(WHAT THE EXERCISE ASKS):
Restate the data exactly as given and keep the pictures out.

(RECORDS SHOWN):

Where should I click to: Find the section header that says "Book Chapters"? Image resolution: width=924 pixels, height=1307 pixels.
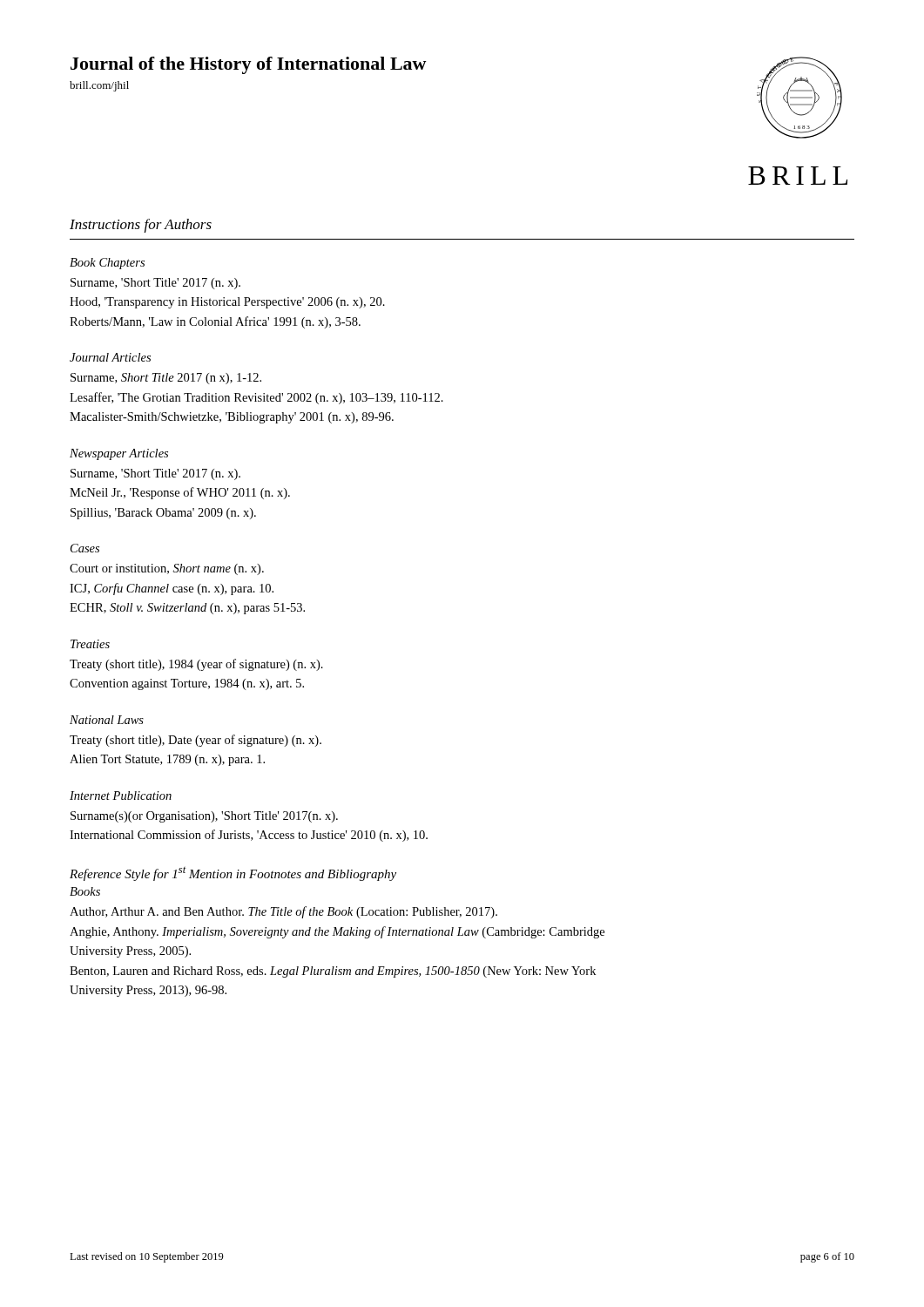coord(107,264)
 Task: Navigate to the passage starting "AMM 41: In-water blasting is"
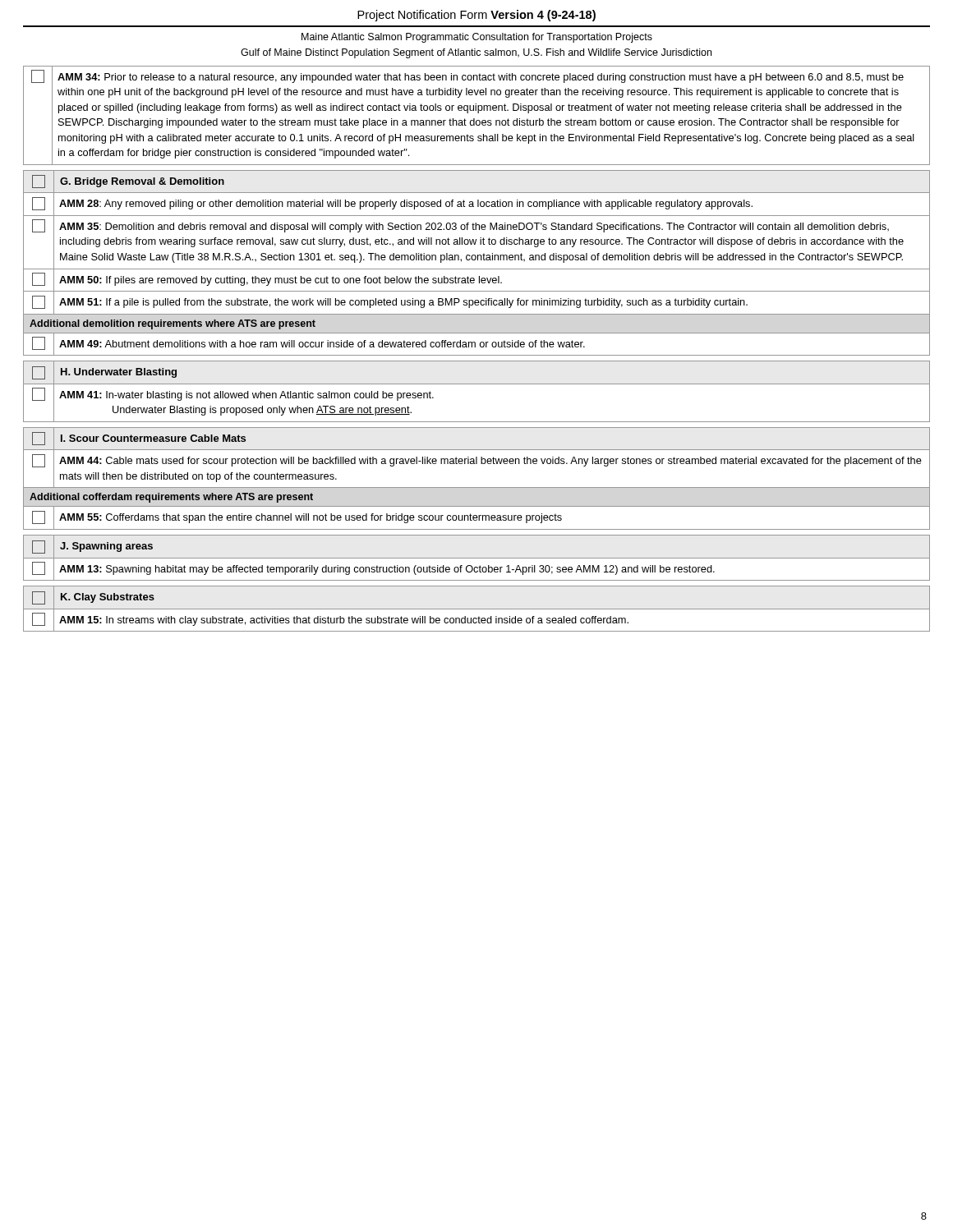click(x=247, y=402)
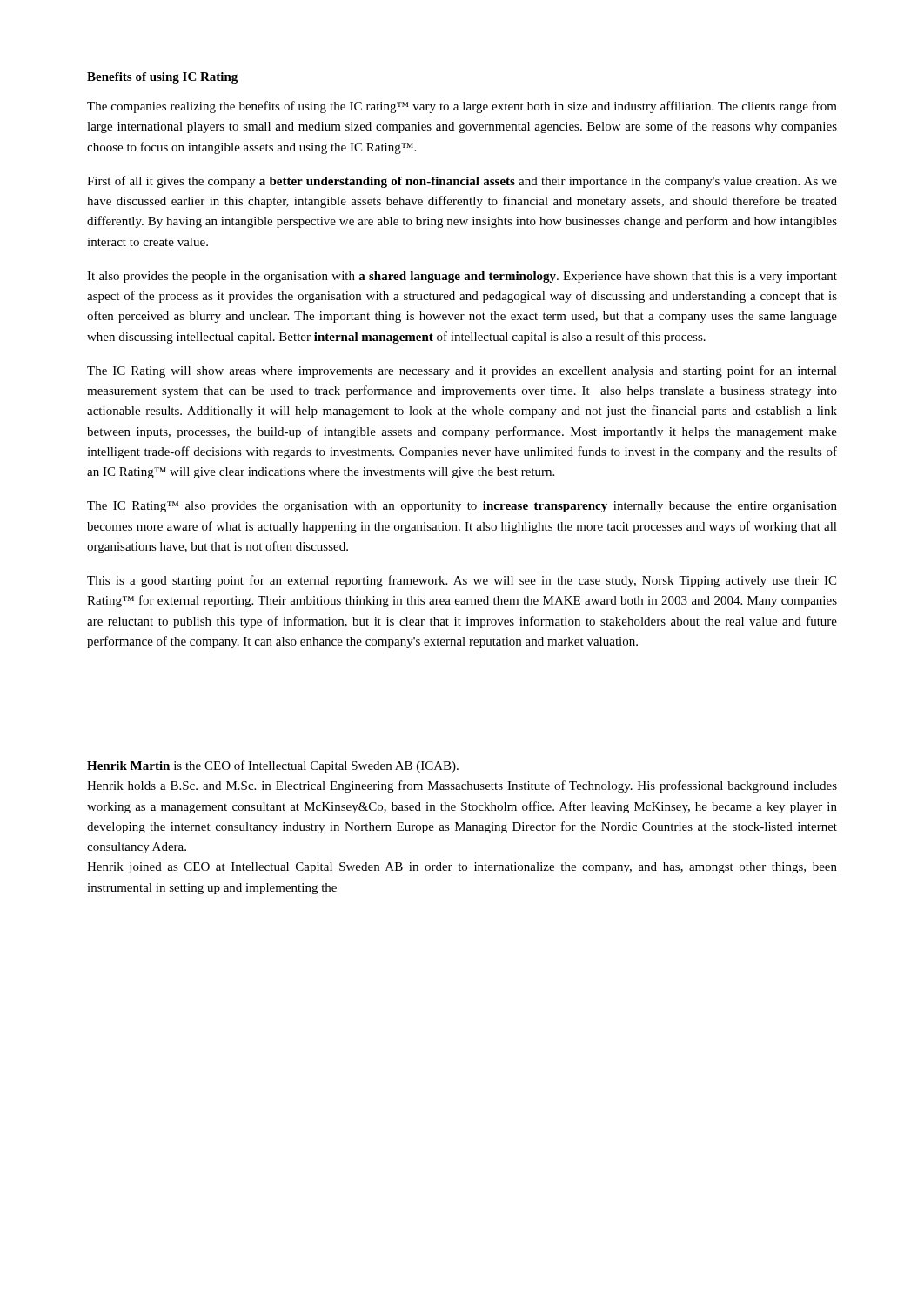Click the passage that begins "First of all it gives the company a"

coord(462,211)

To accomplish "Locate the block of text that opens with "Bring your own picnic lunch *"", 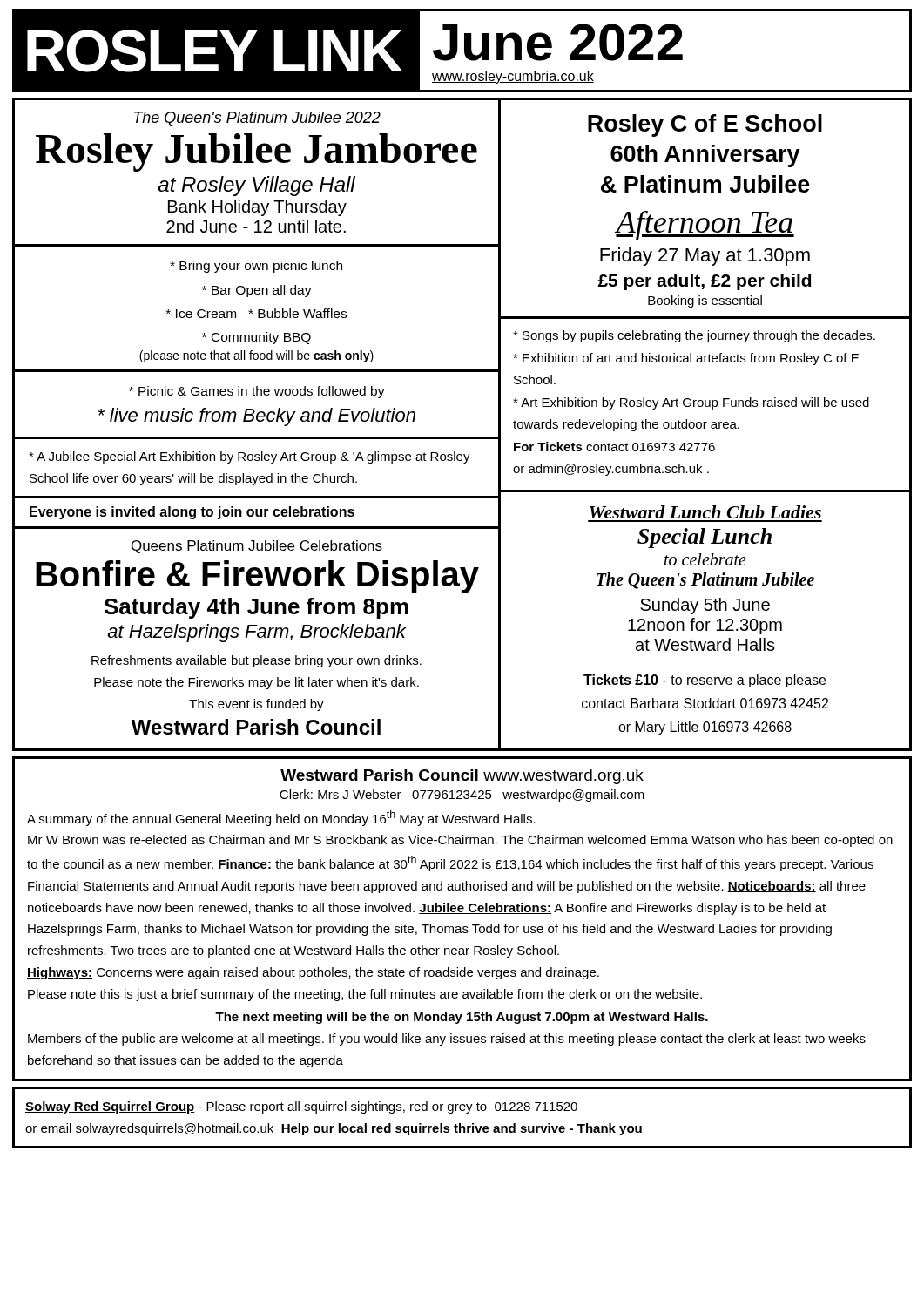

(ANSWER TO THE EXERCISE):
Where should I click to: Find the section header that says "Book Chapters"? Image resolution: width=924 pixels, height=1307 pixels.
coord(107,264)
 Task: Navigate to the passage starting "AMM 41: In-water blasting is"
click(x=247, y=402)
Click the passage that begins "First of all it gives the company a"

coord(462,211)

To accomplish "Locate the block of text that opens with "Bring your own picnic lunch *"", 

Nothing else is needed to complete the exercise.